The fault point determining unit is used for determining that the fault point in the first alternating current system is located between the feed-line end and the acquisition point corresponding to the target third leakage current, and determining that the fault point in the second alternating current system is located between the feed-line end and the acquisition point corresponding to the target fourth leakage current.

3. The ring network failure detection system of any of claims 1-2, wherein the host further comprises a main control module, a display module coupled to the main control module,

The main control module is further configured to send the first leakage current, the second leakage current and the acquisition time to the display module;

The display module is used for displaying the first leakage current, the second leakage current and the acquisition time.

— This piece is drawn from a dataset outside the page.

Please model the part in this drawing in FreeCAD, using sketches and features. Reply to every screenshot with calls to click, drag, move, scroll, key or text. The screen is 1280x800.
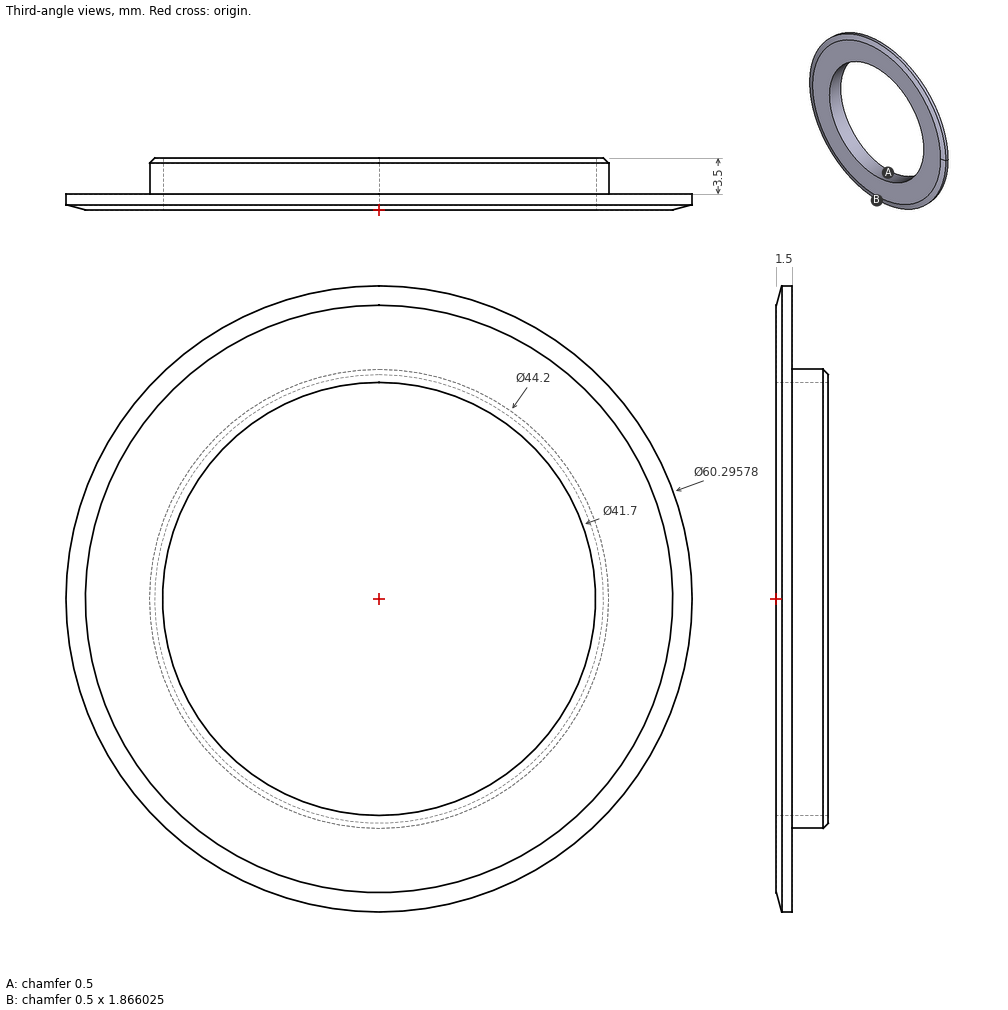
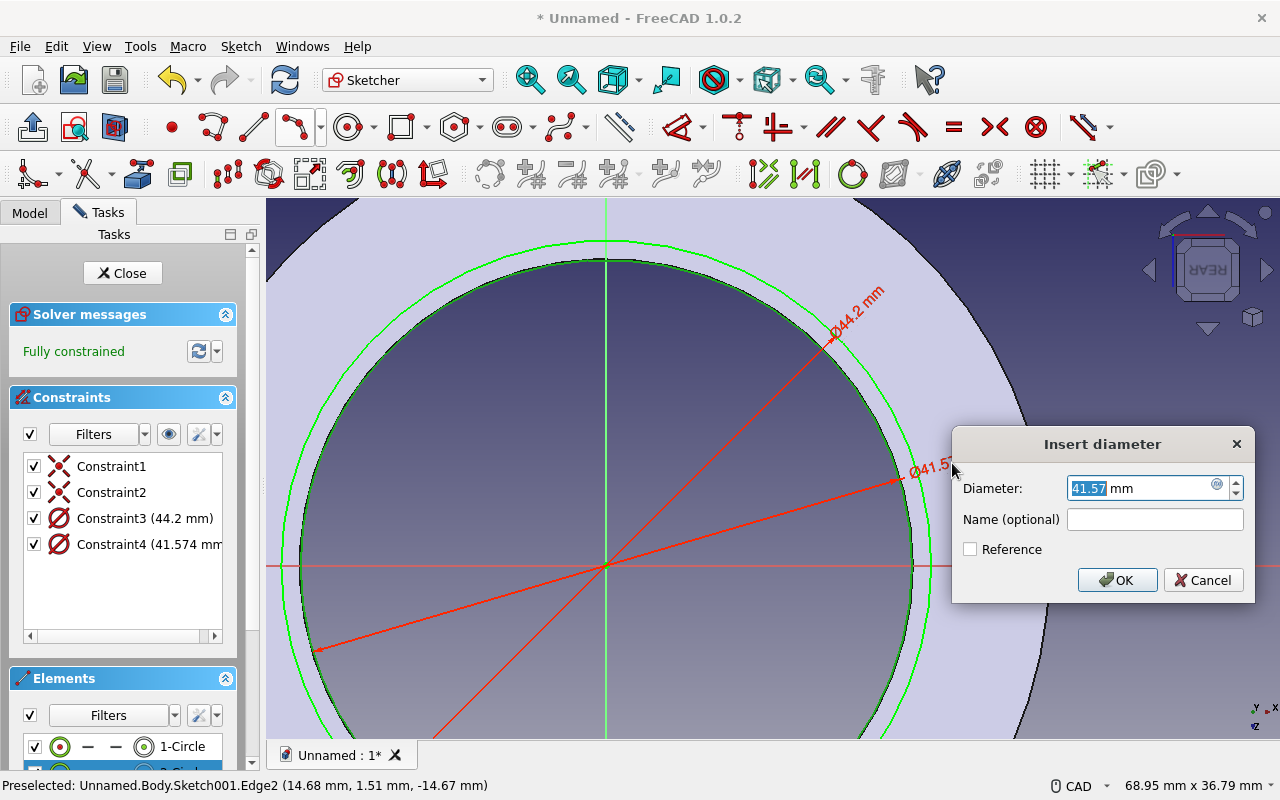
text(41.7)
key(Return)
key(Escape)

4. The ring network failure detection system of any of claims 1-2, wherein the host further comprises a master control module, an alarm module coupled to the master control module,

The main control module is also used for sending an alarm instruction to the alarm module when the ring network fault is determined to exist;

And the alarm module is used for sending out an alarm when receiving the alarm instruction.

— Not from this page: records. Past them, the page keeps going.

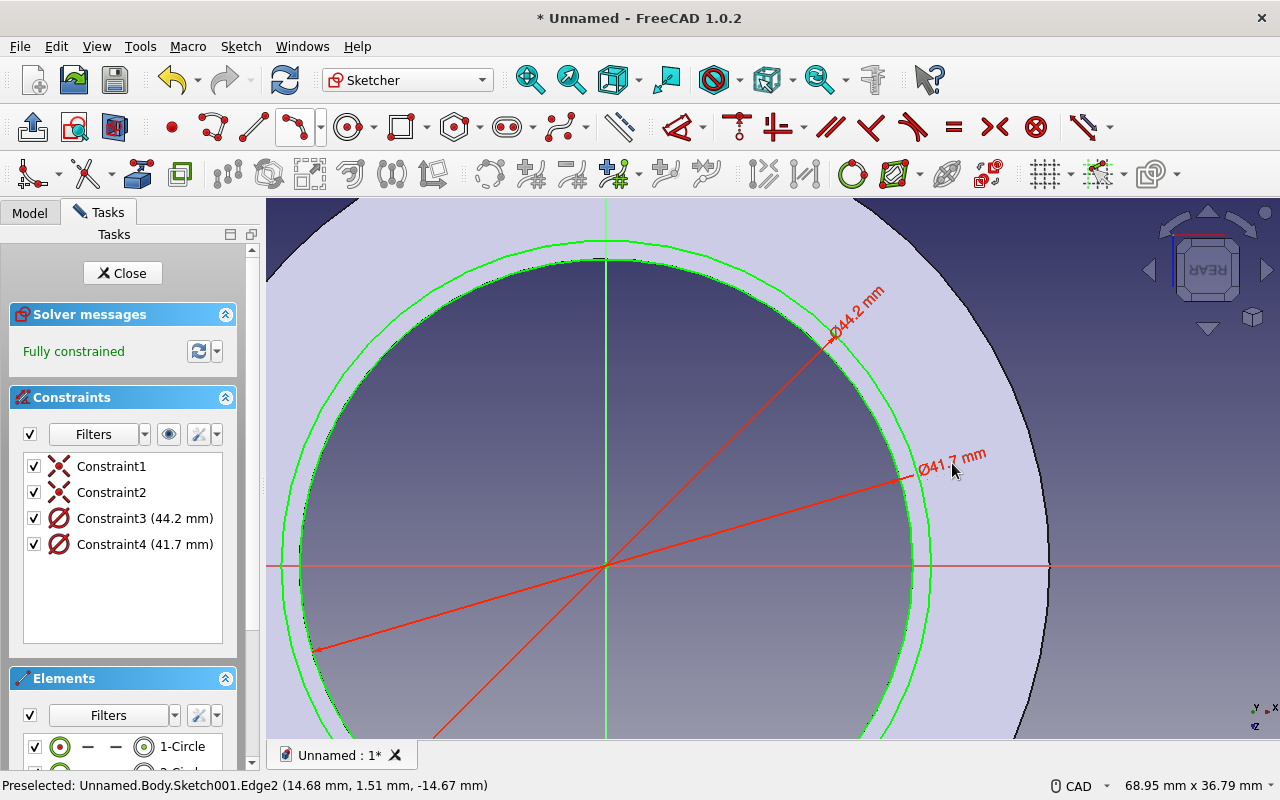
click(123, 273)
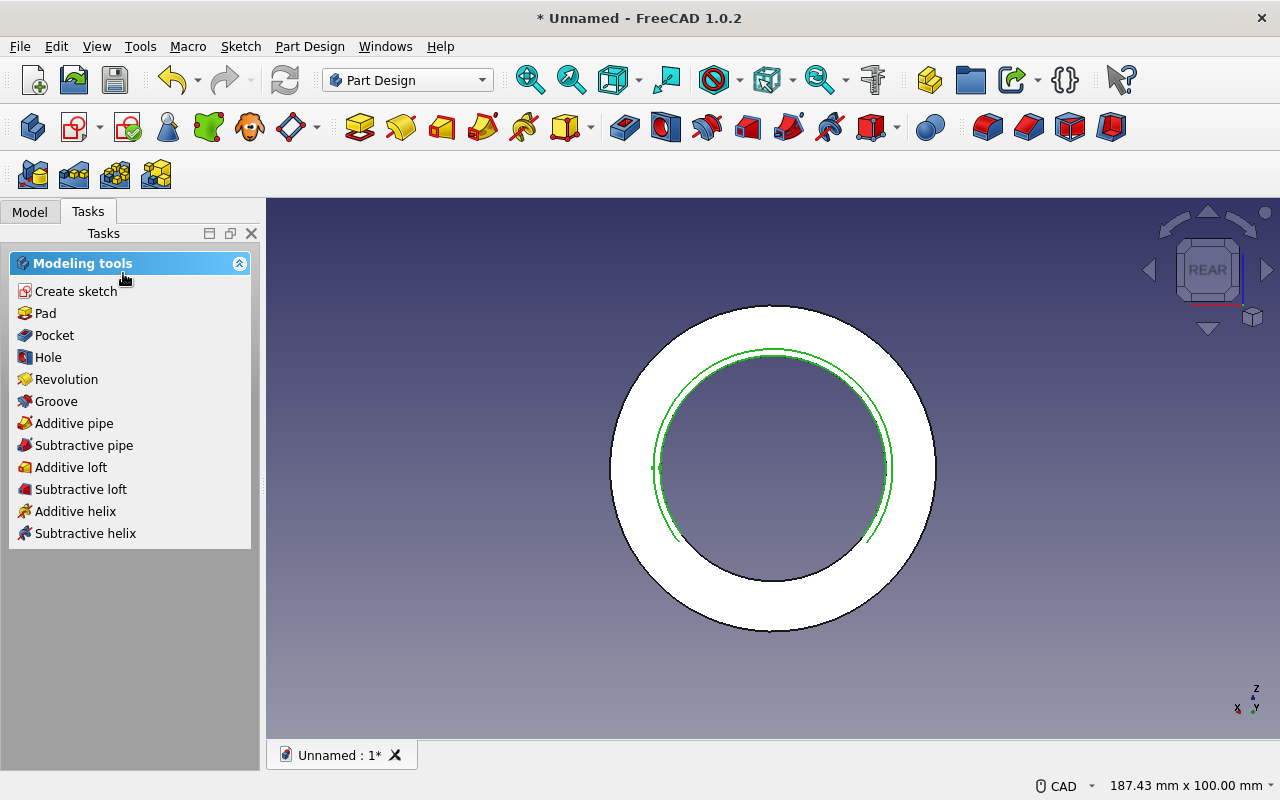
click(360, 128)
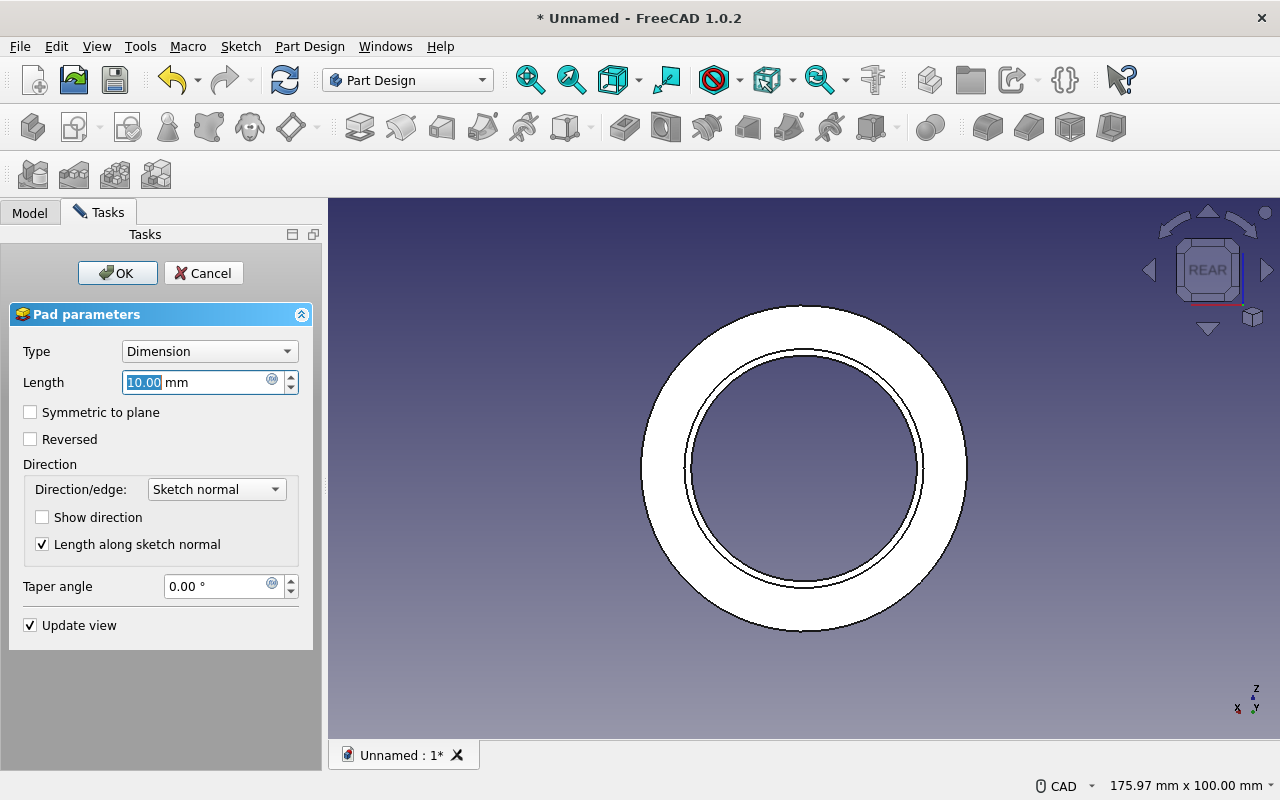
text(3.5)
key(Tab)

5. A method for detecting a ring network fault, applied to the host according to any one of claims 1to 4, wherein the host communicates with a slave, and includes:

collecting a first leakage current from a line of a first alternating current system, and sending a current acquisition instruction to the slave when the first leakage current is not 0; the slave is used for sending a second leakage current acquired in a line of a second alternating current system to the host when receiving the current acquisition instruction;

receiving the second leakage current sent by the slave;

judging whether the vector sum of the first leakage current and the second leakage current at the same moment is 0;

if yes, determining that a ring network fault exists between the first alternating current system and the second alternating current system.

6. An electronic device, the electronic device comprising:

At least one processor, and

A memory communicatively coupled to the at least one processor, wherein,

The memory stores a computer program executable by the at least one processor to enable the at least one processor to perform the ring network failure detection method of claim 5.

7. A computer-readable storage medium, wherein the computer-readable storage medium stores computer instructions, the computer instructions are configured to cause a processor to implement the ring network failure detection method of claim 5 when executed.